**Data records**

::::

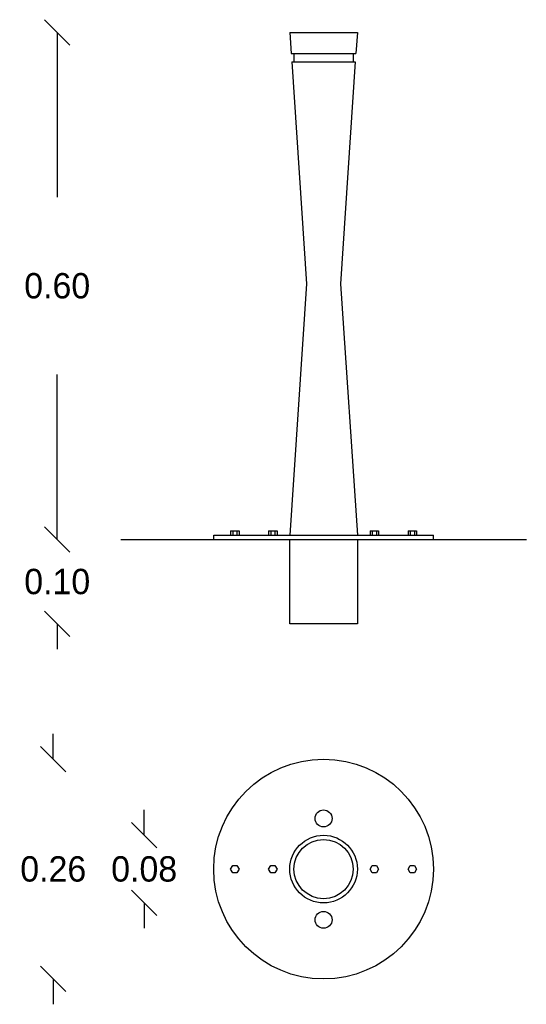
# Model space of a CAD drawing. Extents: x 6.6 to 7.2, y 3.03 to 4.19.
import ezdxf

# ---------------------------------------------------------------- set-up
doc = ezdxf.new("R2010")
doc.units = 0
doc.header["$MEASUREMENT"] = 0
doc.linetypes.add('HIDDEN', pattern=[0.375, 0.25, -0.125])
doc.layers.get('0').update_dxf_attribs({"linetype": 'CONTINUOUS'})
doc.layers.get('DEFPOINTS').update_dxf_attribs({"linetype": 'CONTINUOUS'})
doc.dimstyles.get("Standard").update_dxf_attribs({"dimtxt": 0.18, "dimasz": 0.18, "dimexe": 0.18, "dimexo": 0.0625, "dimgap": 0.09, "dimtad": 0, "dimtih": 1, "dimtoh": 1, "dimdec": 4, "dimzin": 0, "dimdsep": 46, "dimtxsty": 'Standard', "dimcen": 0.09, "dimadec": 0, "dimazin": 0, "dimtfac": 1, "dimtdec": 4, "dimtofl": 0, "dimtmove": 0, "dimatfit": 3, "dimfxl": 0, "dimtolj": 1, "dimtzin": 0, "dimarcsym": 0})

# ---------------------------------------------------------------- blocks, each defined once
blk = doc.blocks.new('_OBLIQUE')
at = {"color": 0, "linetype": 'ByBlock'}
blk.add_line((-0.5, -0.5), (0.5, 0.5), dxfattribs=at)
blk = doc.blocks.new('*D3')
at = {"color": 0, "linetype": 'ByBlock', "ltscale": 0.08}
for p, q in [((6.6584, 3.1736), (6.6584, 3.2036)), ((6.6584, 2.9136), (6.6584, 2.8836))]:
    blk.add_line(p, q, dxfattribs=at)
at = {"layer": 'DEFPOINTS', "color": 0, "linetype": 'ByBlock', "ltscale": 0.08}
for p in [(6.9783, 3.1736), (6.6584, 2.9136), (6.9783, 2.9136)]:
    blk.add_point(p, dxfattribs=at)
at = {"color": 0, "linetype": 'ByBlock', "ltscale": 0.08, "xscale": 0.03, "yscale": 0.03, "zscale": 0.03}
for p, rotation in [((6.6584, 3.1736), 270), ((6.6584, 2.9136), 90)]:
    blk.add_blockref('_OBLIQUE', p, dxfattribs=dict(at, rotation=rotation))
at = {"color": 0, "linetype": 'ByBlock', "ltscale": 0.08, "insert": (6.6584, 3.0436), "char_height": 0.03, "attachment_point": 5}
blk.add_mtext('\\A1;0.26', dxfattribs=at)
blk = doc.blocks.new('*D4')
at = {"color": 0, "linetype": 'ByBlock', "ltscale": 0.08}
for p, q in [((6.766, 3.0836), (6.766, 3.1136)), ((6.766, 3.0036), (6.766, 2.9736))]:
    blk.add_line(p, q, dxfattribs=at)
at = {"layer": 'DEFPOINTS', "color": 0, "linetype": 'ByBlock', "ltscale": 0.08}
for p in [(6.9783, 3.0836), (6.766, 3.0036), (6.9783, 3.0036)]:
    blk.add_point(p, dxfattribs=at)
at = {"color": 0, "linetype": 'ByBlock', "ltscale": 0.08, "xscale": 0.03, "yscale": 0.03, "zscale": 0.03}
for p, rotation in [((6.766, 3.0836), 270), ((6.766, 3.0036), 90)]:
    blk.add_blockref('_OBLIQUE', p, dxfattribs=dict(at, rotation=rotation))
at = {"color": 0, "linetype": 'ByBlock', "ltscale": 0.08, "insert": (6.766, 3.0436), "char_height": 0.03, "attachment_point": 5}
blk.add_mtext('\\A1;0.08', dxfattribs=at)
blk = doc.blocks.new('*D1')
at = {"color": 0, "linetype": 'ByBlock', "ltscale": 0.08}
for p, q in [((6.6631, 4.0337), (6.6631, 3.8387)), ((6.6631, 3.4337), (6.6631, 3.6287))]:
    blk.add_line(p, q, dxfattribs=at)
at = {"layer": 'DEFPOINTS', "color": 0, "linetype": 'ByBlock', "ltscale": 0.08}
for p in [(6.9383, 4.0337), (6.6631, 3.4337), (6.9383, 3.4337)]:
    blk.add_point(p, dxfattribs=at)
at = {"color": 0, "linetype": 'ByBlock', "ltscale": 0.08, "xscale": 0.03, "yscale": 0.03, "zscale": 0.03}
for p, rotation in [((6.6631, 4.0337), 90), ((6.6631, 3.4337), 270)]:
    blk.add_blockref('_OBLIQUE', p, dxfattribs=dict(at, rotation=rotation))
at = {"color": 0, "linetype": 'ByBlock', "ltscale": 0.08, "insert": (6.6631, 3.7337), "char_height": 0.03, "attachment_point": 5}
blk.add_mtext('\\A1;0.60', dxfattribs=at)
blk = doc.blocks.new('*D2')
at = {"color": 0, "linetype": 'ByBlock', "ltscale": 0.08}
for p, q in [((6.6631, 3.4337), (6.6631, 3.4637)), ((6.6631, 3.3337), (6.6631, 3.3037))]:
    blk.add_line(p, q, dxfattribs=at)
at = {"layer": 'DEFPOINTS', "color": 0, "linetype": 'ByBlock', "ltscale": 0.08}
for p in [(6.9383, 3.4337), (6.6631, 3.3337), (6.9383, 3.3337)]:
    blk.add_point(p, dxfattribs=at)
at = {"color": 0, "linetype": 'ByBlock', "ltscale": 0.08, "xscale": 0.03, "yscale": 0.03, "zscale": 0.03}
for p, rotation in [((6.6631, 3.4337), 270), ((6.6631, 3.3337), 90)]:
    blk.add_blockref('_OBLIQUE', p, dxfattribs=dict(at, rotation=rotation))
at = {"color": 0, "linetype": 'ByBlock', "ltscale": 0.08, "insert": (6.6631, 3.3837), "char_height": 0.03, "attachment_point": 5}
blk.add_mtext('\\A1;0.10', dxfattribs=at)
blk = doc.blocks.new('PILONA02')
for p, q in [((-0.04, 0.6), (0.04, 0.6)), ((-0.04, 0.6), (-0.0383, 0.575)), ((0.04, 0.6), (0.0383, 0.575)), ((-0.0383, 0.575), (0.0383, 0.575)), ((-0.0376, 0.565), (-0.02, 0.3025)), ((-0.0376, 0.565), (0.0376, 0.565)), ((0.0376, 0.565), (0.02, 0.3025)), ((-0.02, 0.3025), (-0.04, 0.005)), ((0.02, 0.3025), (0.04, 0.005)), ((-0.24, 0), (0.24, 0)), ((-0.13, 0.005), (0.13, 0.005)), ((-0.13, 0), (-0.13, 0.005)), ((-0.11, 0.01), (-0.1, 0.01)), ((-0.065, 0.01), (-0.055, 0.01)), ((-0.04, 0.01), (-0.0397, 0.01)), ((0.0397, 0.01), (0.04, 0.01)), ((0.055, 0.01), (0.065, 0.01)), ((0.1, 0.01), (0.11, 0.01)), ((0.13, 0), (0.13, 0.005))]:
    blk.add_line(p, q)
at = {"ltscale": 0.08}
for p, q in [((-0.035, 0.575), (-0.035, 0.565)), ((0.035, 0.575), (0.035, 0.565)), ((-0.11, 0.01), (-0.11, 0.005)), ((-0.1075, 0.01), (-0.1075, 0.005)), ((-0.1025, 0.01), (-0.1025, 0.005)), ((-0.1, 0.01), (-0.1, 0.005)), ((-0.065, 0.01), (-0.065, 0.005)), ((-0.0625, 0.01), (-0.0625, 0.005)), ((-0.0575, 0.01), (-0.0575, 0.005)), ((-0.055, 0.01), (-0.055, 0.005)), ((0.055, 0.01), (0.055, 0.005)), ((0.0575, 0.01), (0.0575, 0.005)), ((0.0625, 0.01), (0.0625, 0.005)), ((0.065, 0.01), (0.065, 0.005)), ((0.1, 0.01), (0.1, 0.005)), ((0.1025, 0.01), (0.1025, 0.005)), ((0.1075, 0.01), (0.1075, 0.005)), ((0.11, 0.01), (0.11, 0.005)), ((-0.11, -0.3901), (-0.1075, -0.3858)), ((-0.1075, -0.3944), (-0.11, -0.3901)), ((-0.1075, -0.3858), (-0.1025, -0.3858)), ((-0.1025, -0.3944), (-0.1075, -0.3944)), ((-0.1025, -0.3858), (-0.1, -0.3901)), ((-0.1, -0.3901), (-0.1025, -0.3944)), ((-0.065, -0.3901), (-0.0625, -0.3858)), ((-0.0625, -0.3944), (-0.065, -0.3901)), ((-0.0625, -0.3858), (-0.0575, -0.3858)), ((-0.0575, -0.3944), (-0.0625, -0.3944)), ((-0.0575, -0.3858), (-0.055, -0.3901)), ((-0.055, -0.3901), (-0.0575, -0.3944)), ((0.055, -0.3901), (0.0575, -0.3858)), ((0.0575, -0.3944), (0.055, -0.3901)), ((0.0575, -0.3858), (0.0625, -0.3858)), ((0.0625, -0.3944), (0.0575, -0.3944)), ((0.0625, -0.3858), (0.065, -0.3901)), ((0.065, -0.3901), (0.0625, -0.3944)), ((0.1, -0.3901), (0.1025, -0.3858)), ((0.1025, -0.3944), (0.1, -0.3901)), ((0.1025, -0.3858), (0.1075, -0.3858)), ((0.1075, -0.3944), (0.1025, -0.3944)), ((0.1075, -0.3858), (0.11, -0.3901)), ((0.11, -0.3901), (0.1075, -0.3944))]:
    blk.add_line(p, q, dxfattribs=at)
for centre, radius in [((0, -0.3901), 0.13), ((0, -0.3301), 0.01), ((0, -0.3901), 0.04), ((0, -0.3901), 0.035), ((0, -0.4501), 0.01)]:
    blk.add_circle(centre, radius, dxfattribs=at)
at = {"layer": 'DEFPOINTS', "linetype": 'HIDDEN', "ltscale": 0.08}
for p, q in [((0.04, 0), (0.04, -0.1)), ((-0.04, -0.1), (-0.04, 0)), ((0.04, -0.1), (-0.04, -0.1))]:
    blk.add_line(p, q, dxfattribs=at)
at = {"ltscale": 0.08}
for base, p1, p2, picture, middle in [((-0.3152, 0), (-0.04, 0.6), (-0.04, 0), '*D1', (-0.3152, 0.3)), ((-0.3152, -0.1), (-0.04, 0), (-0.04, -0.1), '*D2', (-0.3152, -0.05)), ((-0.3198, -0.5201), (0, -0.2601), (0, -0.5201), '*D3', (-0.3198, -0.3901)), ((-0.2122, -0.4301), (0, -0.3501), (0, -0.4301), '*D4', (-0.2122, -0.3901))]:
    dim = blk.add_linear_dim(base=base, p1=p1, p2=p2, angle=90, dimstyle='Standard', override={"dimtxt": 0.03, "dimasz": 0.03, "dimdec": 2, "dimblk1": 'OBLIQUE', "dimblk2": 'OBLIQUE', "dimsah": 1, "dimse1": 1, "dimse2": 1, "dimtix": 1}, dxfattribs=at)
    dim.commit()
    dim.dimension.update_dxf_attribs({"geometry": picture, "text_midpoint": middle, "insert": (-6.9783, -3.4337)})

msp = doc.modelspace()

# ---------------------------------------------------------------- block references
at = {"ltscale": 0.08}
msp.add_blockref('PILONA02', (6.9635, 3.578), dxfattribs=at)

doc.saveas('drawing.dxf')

::::

**EXERCISE BRIEF**
Only the number should be given: how many lines in the entries above contain the string "drawing"?

**SOLVED PROBLEM**
2